Where do you intend to share the results of your analysis?

Likely in this bug or a follow-up.

Is there a third-party tool (i.e. not Telemetry) that you are proposing to use for this data collection? If so:

No.

Flags: needinfo?(chutten)

Chris H-C :chutten

Comment 25

•

6 years ago

Preliminary Notes:

Sorry about that. I've updated the docs to specify that you should use the new data-revew flag on attachments.

Also, your review mentions you'd like to collect on all channels, but your definitions will only record on pre-release channels. For the purposes of Data Review I'll assume you want to collect on all channels and will update the definitions accordingly.

DATA COLLECTION REVIEW RESPONSE:

Is there or will there be documentation that describes the schema for the ultimate data set available publicly, complete and accurate?

Yes. This collection is Telemetry so is documented in its definitions files (Histograms.json and Scalars.yaml), the Probe Dictionary, and on telemetry.mozilla.org's Measurement Dashboards.

Is there a control mechanism that allows the user to turn the data collection on and off?

Yes. This collection is Telemetry so can be controlled through Firefox's Preferences.

If the request is for permanent data collection, is there someone who will monitor the data over time?

N/A this collection expires in Firefox 73.

Using the category system of data types on the Mozilla wiki, what collection type of data do the requested measurements fall under?

Category 1, Technical.

Is the data collection request for default-on or default-off?

Default on for all channels.

Does the instrumentation include the addition of any new identifiers?

No.

Is the data collection covered by the existing Firefox privacy notice?

Yes.

Does there need to be a check-in in the future to determine whether to renew the data?

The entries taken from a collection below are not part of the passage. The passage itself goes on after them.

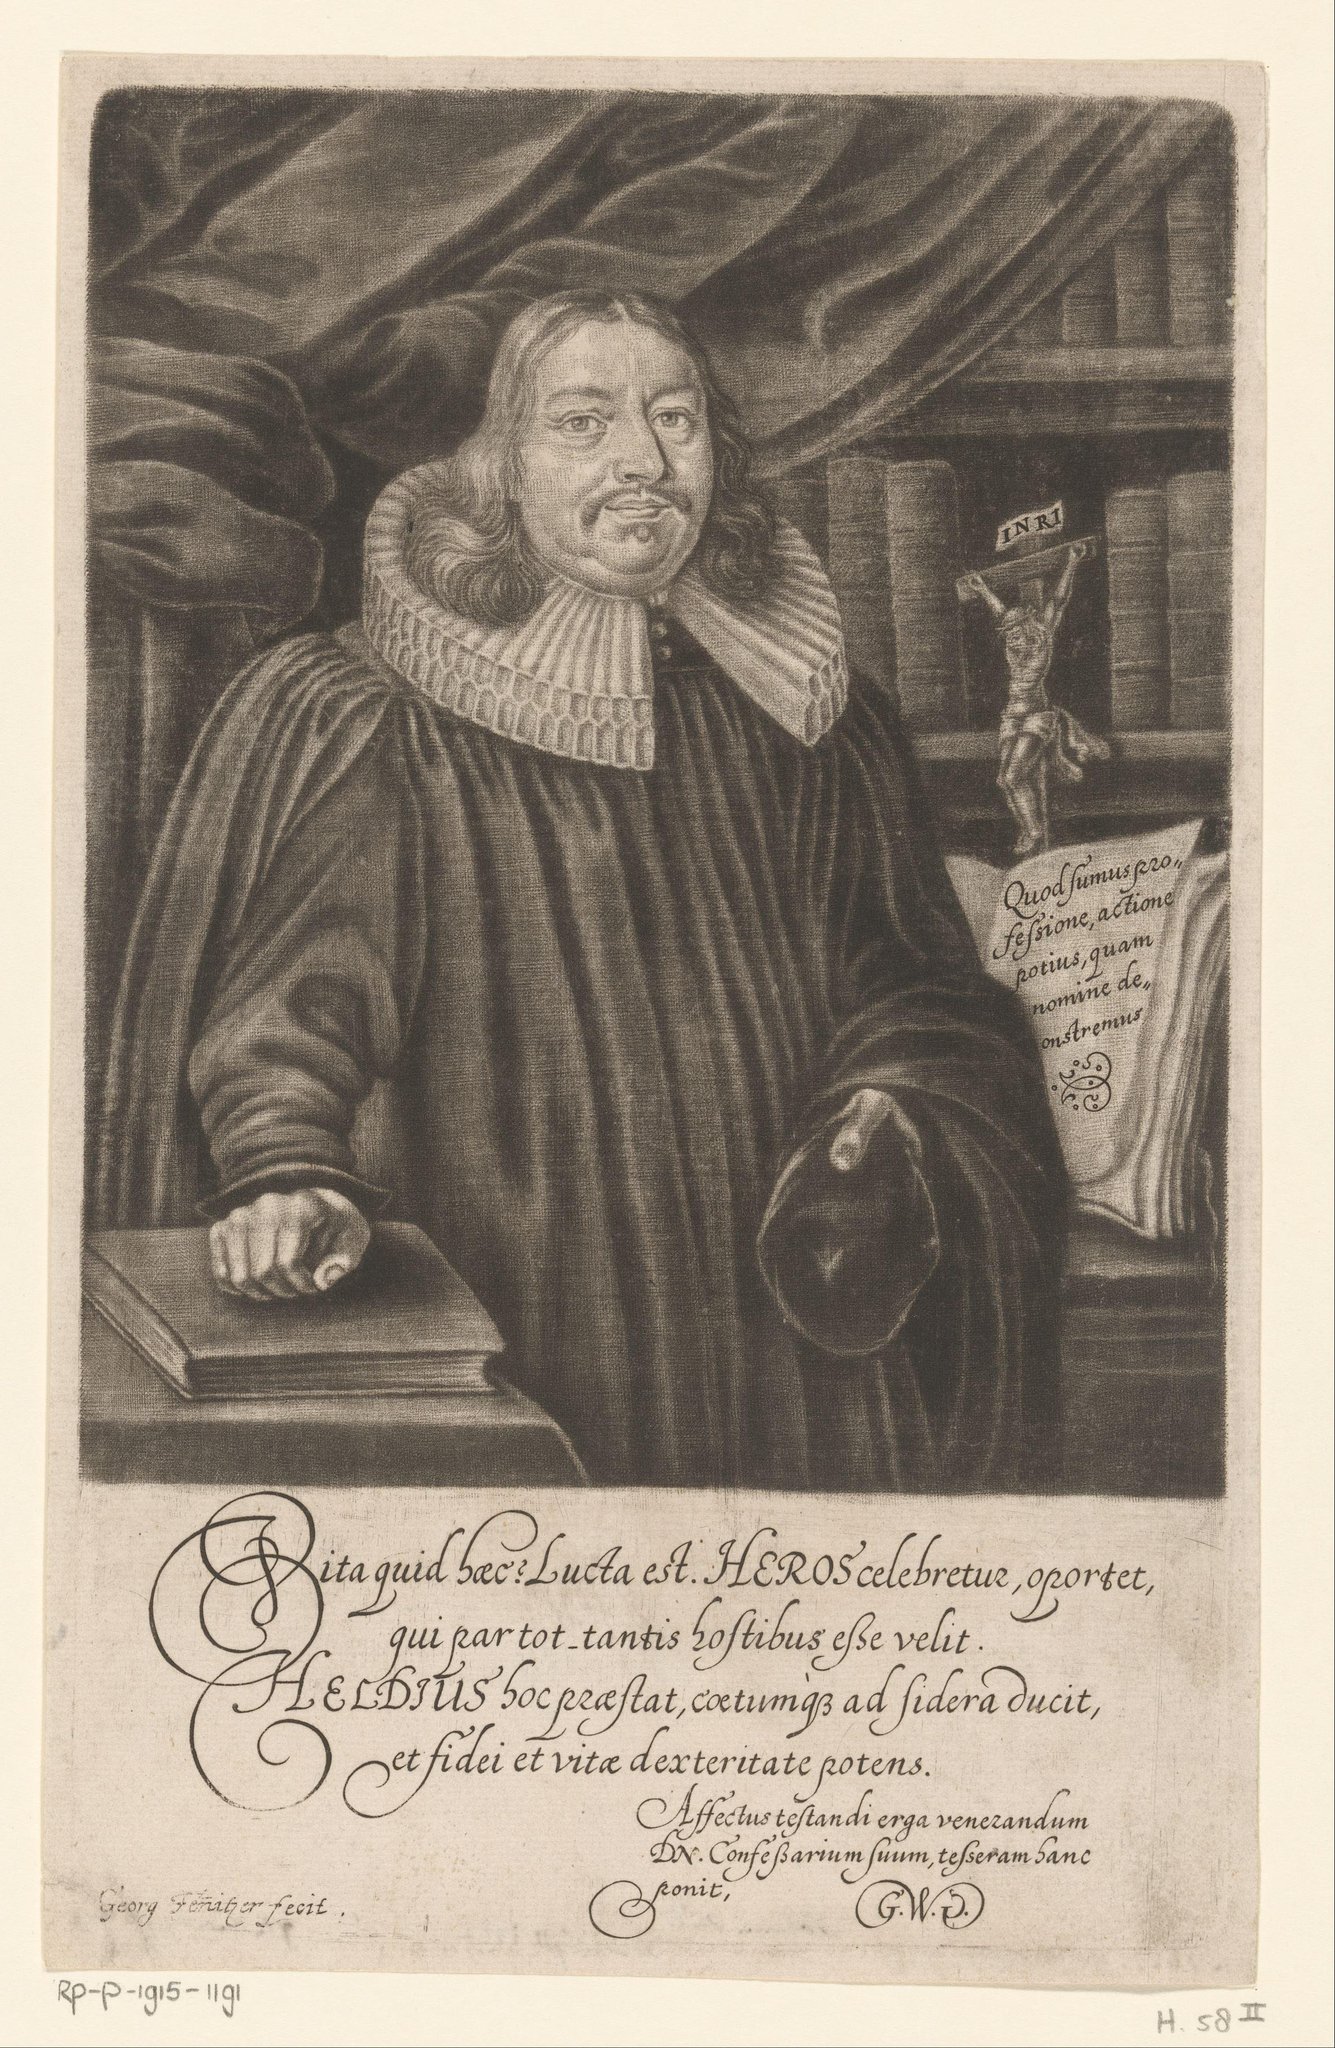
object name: print
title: Portret van Johann Held
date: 1656-1722
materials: paper
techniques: etching
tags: bookshelves, historical persons, deacon (roman catholic), book, crucifix ~ personal devotion
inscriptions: collector's mark: Lugt 2228, inscription
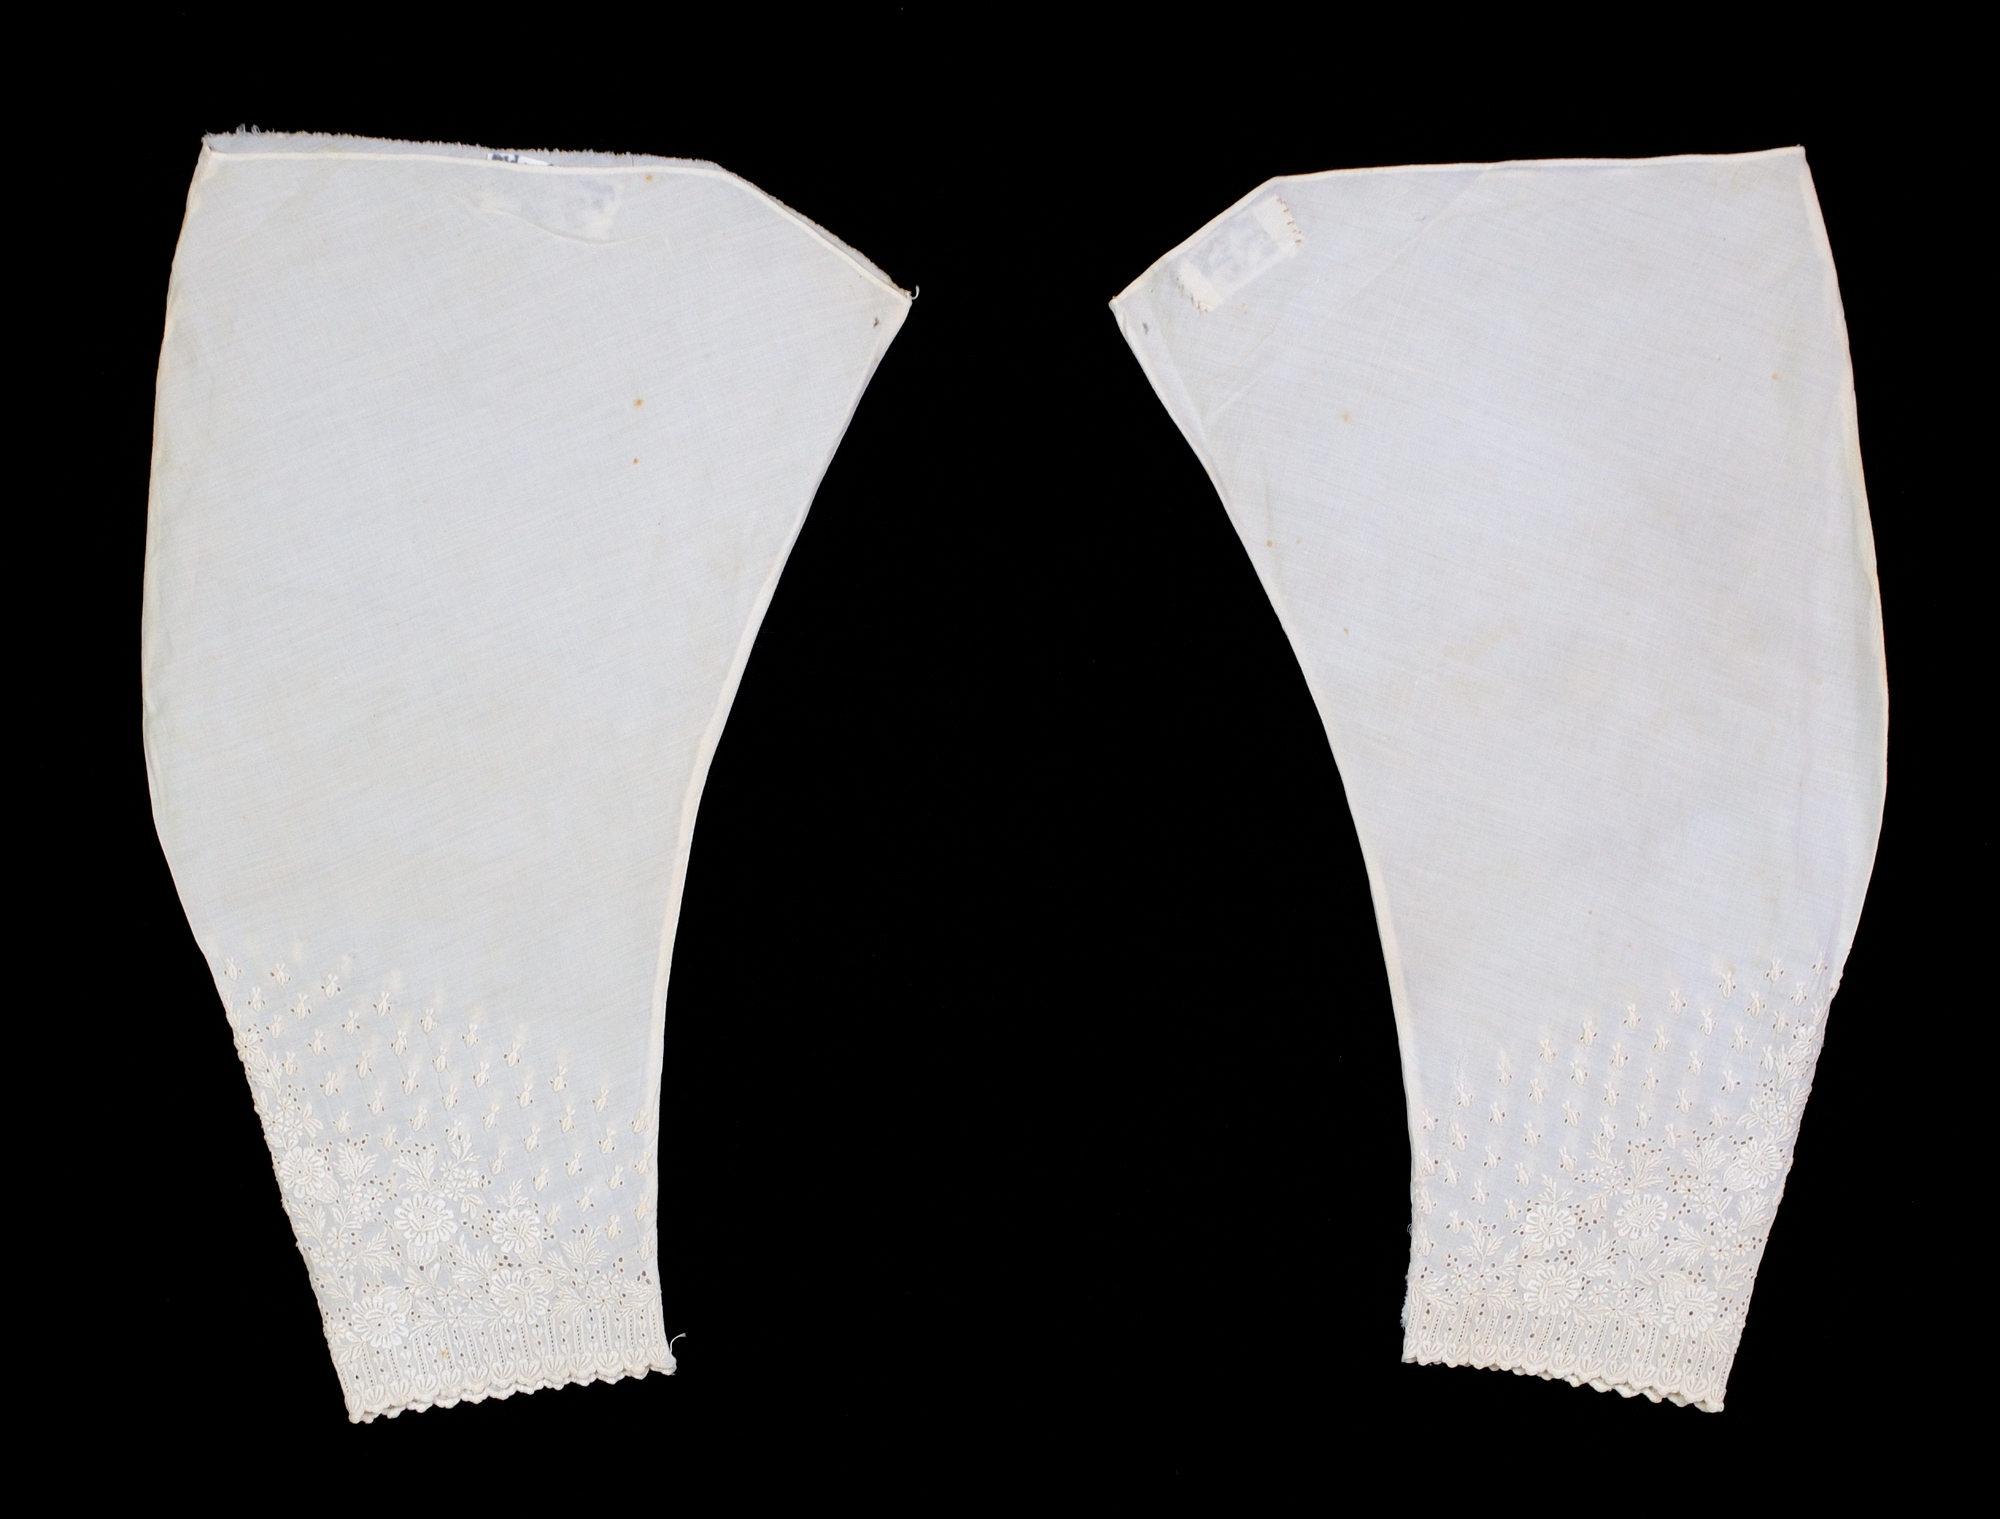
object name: undersleeves
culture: american
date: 1826-1850
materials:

Yes. :dthayer is responsible for removing or renewing the collection before it expires in Firefox 73.

Result: datareview+

Flags: needinfo?(chutten)

Pulsebot

Comment 26

•

6 years ago

Pushed by dothayer@mozilla.com:
https://hg.mozilla.org/integration/autoland/rev/1a681dc60b60
Collect telemetry stats on startup cache hits and misses r=kmag

Comment 27

•

6 years ago

(In reply to Pulsebot from comment #26)

Pushed by dothayer@mozilla.com:
https://hg.mozilla.org/integration/autoland/rev/1a681dc60b60
Collect telemetry stats on startup cache hits and misses r=kmag

Why was the startup test as written by using Marionette put under testing/marionette/../unit/? That folder is actually the wrong place given that it only contains the unit tests for Marionette itself. Can you please move it to the same location as the other files. /startup/tests/marionette would be great. You only would have to reference it in:

https://searchfox.org/mozilla-central/source/testing/marionette/harness/marionette_harness/tests/unit-tests.ini

Flags: needinfo?(dothayer)

Stefan Hindli [:stefan_hindli]

Assignee

Comment 28

•

6 years ago

Ack - my mistake, sorry. I will move it shortly. Leaving the needinfo.

Comment 29

•

6 years ago

bugherder

https://hg.mozilla.org/mozilla-central/rev/1a681dc60b60

Status: ASSIGNED → RESOLVED

Closed: 6 years ago

status-firefox67: --- → fixed

Resolution: --- → FIXED

Target Milestone: --- → mozilla67

Assignee

Updated

•

6 years ago

Depends on: 1533056

Assignee

Updated

•

6 years ago

Flags: needinfo?(dothayer)

Assignee

Comment 30

•

6 years ago

Preliminary analysis:

ScriptPreloader:

Hit         116977763
HitChild      2559619
Miss        160545632

StartupCache:

HitMemory      153288
HitDisk      60646842
Miss          9053288

This is just a straightforward analysis of the data on Nightly for cases where this isn't the first run after an update/install, which unfortunately on Nightly is relatively rare and might deviate quite a bit from the release situation.

Nothing in these numbers seems very surprising to me.

I think the next steps are to do an analysis to see if any profiles are somehow stuck in a pathological case where the hit/miss rates are consistently bad.